Serving Line Diagram

Several different utensils were utilized during the execution of the theme meal including

tongs of different sizes, various scoops, large serving spoons, as well as a small, regular spoon.

Area utilized for theme

meal execution

Serving line

THEME MEAL 14

Self-Evaluation

Many of the activities worked as planned. The cookies, for example, were baked the day

before the theme meal so that more time could be spent the day of the meal on gathering the

materials and preparing some of the other foods. Some of the prep work for the main entrée and

side was completed including chopping the chicken and vegetables and preparing the sauce

mixtures. Also, enough food was prepared to last the duration of the three hour period designated

for the theme meal.

Several activities did not work as planned and therefore required changes in the execution

of the theme meal. The instructions for the pad thai recipe, for example, stated to soak the rice

noodles for 30 to 50 minutes until tender and then to transfer them from the water to the skillet to

finish cooking. However, after 60 minutes of soaking, the noodles weren’t soft enough. Five

minutes before the theme meal was to start, the noodles were quickly boiled in hot water to finish

cooking them. Due to the delay, the theme meal started a few minutes later than it should have.
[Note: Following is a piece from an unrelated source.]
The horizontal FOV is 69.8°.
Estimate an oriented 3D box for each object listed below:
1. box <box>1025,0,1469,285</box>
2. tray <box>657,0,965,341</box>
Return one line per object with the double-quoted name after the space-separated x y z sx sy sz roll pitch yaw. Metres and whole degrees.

Similarly, another activity which didn’t go as planned included preparing enough of the pad thai

entrée before lunch to prevent people from having to wait in line. Since this was unable to be

accomplished, people did have to wait a while for their food to cook. Also, recipe cards were

made to specify the amount of ingredients needed for eight serving sizes of pad thai that would

be cooked at one time using a large skillet. The intention behind this was to prepare enough food

so that customers didn’t have to wait a long time in line. However, skillets large enough to make

eight servings worth of food were not available. Only three servings could be made at a time, so

the recipe cards were no longer able to be utilized. Instead, the amount of each ingredient

necessary for the pad thai was estimated.
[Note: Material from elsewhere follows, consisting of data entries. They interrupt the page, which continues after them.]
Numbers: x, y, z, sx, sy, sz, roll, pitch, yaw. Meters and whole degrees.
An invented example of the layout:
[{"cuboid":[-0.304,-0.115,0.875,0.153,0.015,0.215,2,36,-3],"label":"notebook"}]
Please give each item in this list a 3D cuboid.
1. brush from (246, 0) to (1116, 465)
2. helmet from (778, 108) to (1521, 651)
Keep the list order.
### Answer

The only unanticipated event that really impacted the meal was the amount of time it took

to cook the chicken. It took approximately six minutes to cook the meat before the other

ingredients for the pad thai could be added. As a result, some customers had to wait in line for a

while before their meal was ready.

Recommendations for Improvement

One recommendation for improvement includes cooking the chicken beforehand rather

than in front of the customers in order to save time. This would help to cook the pad thai faster

so that people won’t have to wait in line. Another improvement includes using larger skillets or

woks to cook more entrée servings at a time. This as well would reduce the amount of time

customers would have to wait for their meal. Lastly, I would boil the rice noodles rather than

soak them since the latter method did not work.